Why Is the Equality in This Spectral Analysis Proof Correct?

[Ma Xie Er]

I'm reading "Time Series Analysis and Its Applications with R examples", 3rd edition, by Shumway and Stoffer, and I don't really understand a proof. This is not for homework, just my own edification.

It goes like this:
Σ_t=1ⁿ cos²(2πtj/n) = ¼ ∑_t=1ⁿ (e^2πitj/n - e^2πitj/n)² = ¼∑_t=1ⁿe^4πtj/n + 1 + 1 + e^-4πtj/n = n/2.

I'm don't see how the last equality follows. I think, somehow, that the e^4πtj/n and e^-4πtj/n terms cancel out, but how?

Any ideas?

 

[Dale]

I think, somehow, that the e4πtj/n and e-4πtj/n terms cancel out, but how?

They don't need to cancel out if they are each 0 on their own.

 

[Ma Xie Er]

They don't need to cancel out if they are each 0 on their own.

How are they zero on their own? If this is by De Moivre's theorem, then that doesn't apply to non-integers powers, i.e. (cos(x)+isin(x))ⁿ ≠(cos(nx) + i sin(nx)) for n ∉ℤ.

 

[Dale]

How are they zero on their own?

Why don't you try it by hand for small n. Try writing out the sum for n=4.

 

[Ma Xie Er]

Why don't you try it by hand for small n. Try writing out the sum for n=4.

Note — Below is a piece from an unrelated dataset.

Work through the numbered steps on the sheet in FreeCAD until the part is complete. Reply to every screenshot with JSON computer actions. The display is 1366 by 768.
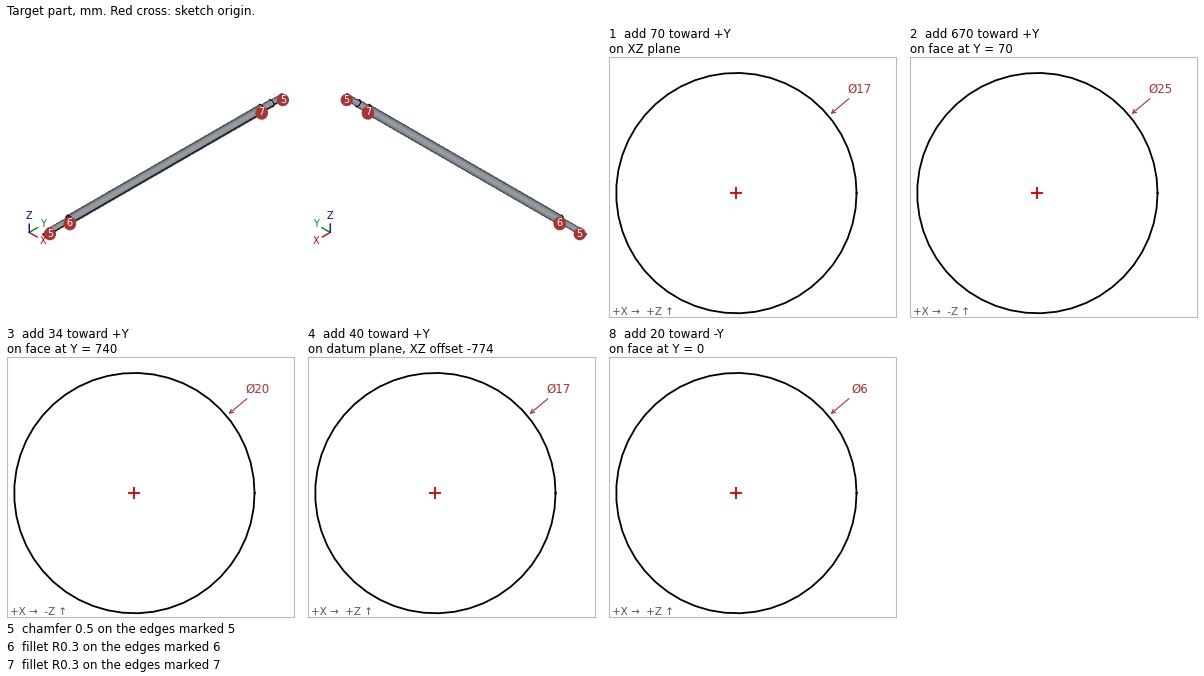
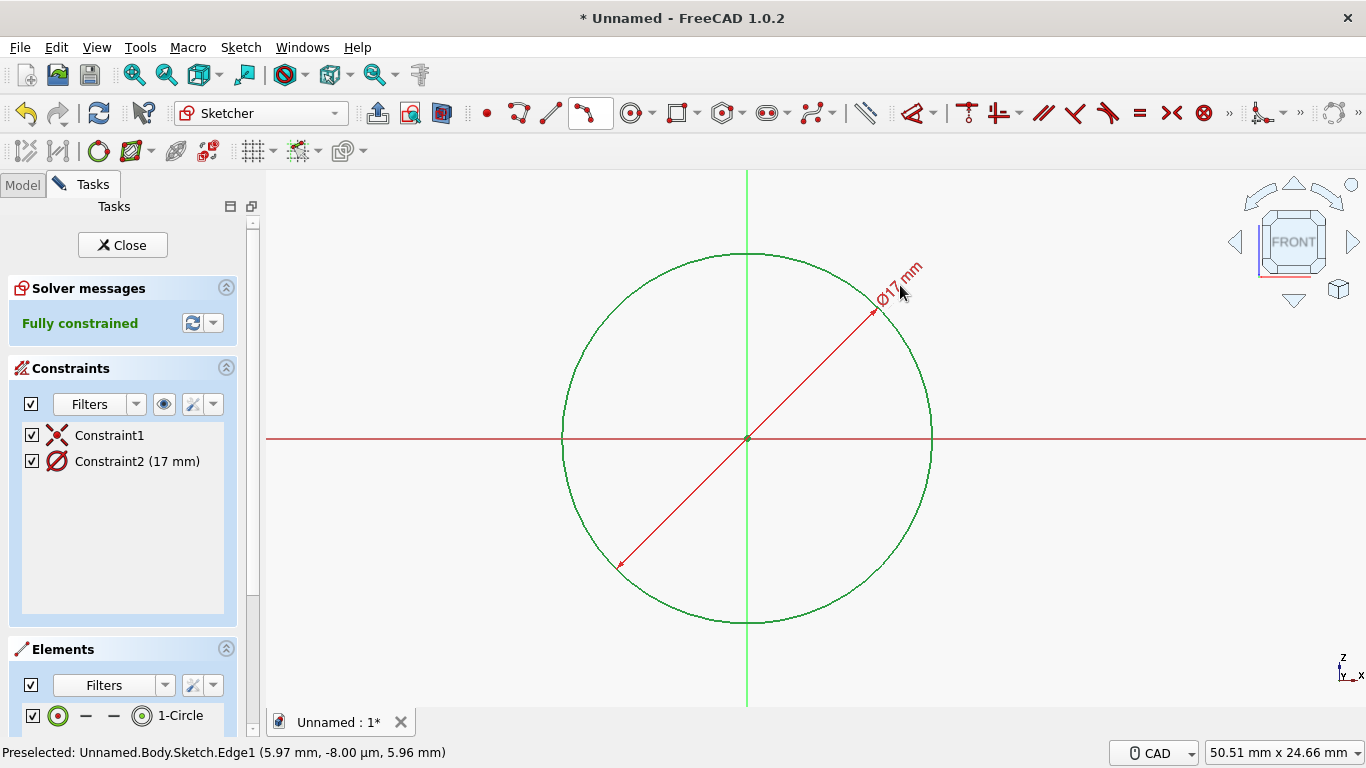
{"action": "left_click", "coordinate": [123, 245]}

Yes, I can see that, for n=4, j=1, but it doesn't work for j=2, n=4.
∑_t=1⁴ e^{4π i t 2/4} =∑_t=1⁴ e^{π i (2t)} = (-1)² + (-1)⁴ + (-1)⁶ + (-1)⁸ ≠ 0.

 

[Dale]

Umm. Doesn't $j=\sqrt{-1}$ always?

 

[Ma Xie Er]

Umm. Doesn't $j=\sqrt{-1}$ always?

No. n is a positive integer, and j= 1, ..., [[n/2]], where [[n/2]] is the floor or greatest integer function of n/2.

 

[Ma Xie Er]

Umm. Doesn't $j=\sqrt{-1}$ always?

This text denotes i as √(-1)

 

[Ma Xie Er]

Here's a link to the text http://www.stat.pitt.edu/stoffer/tsa3/tsa3.pdf. I was trying to solve Problem 2.10 on pg 77 (pg 87 of pdf). I don't quite understand footnote⁹, which is why I posted. I'm completely new to Fourier decomposition, so I'm having a hard time with this.

 

[Dale]

This text denotes i as √(-1)

Oh, then your summand is written wrong. You wrote.
$$ \sum _{t=1}^n e^{4\pi t j/n} + 1 + 1 + e^{-4\pi t j/n} $$
but it should be
$$ \sum _{t=1}^n e^{4\pi i t j/n} + 1 + 1 + e^{-4\pi i t j/n} $$

I'm not sure that fixes the proof, but it is important to write the problem clearly.

 

[Dale]

OK, so I don't think that they individually sum to 0, but you can recombine them to get
$$ \sum _{t=1}^n \cos(4\pi t j/n) + 2 $$

 

[Ma Xie Er]

OK, so I don't think that they individually sum to 0, but you can recombine them to get
$$ \sum _{t=1}^n \cos(4\pi t j/n) + 2 $$

I think $e^{ix}-e^{-ix}= 2 cos(x)$. In this case, $e^{4 \pi t j/n}+ e^{- 4 \pi t j/n} = 2 cos(4 \pi t j/n)$, so shouldn't it be $\sum_{t=1}^n 2 (1 + cos(4 \pi t j/n)$ ?

And after this I'm still not sure how the series sums to 0.

 

[Dale]

Right now I agree with you on that. It doesn't appear to work for j = n/2

 

[Dale]

Just looked at the textbook. It specifically excludes the cases j = 0 and j = n/2. I think it works for all other j.

 

[Ma Xie Er]

Oops. You I forgot that case.

For $j=1,.,,[[n/2]]-1$, I still don't see why it's true.